-- The data --
★ ★ ★
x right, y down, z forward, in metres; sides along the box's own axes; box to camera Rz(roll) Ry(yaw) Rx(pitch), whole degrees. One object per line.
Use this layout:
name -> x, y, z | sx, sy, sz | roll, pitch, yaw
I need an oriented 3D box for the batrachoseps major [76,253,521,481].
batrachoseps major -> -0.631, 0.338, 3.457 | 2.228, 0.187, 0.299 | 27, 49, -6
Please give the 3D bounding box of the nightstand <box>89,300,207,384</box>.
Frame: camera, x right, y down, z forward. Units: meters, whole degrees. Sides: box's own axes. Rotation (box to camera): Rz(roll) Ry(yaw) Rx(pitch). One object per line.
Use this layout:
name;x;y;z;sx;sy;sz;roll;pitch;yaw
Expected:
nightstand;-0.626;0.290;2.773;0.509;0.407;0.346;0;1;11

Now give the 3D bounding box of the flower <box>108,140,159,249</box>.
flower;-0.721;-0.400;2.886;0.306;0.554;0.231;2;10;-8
★ ★ ★
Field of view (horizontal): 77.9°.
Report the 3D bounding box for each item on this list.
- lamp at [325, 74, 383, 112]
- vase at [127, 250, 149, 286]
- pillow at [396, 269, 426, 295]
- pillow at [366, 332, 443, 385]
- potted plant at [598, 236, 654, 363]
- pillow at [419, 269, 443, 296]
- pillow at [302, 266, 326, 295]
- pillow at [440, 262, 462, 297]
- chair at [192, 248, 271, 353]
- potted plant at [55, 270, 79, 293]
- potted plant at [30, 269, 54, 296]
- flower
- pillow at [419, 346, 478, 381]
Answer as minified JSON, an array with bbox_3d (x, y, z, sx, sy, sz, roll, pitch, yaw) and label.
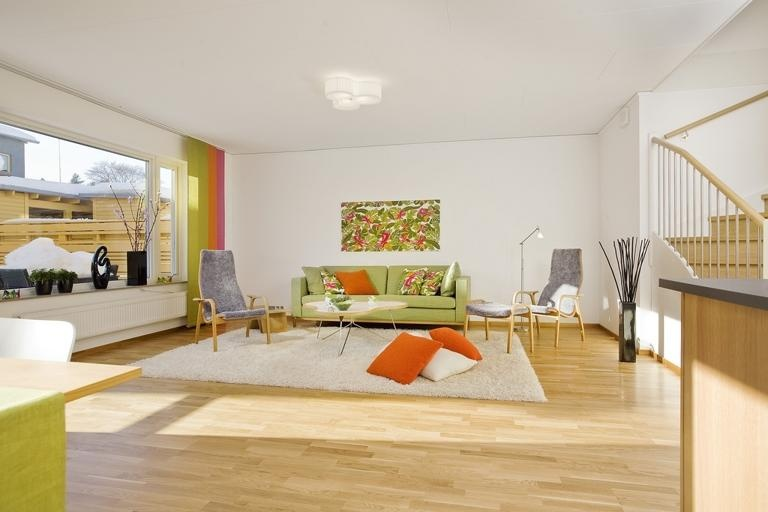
★ ★ ★
-- Exercise description --
State, as a number only, how many lines in the entries include "camera".

-- Task answer --
2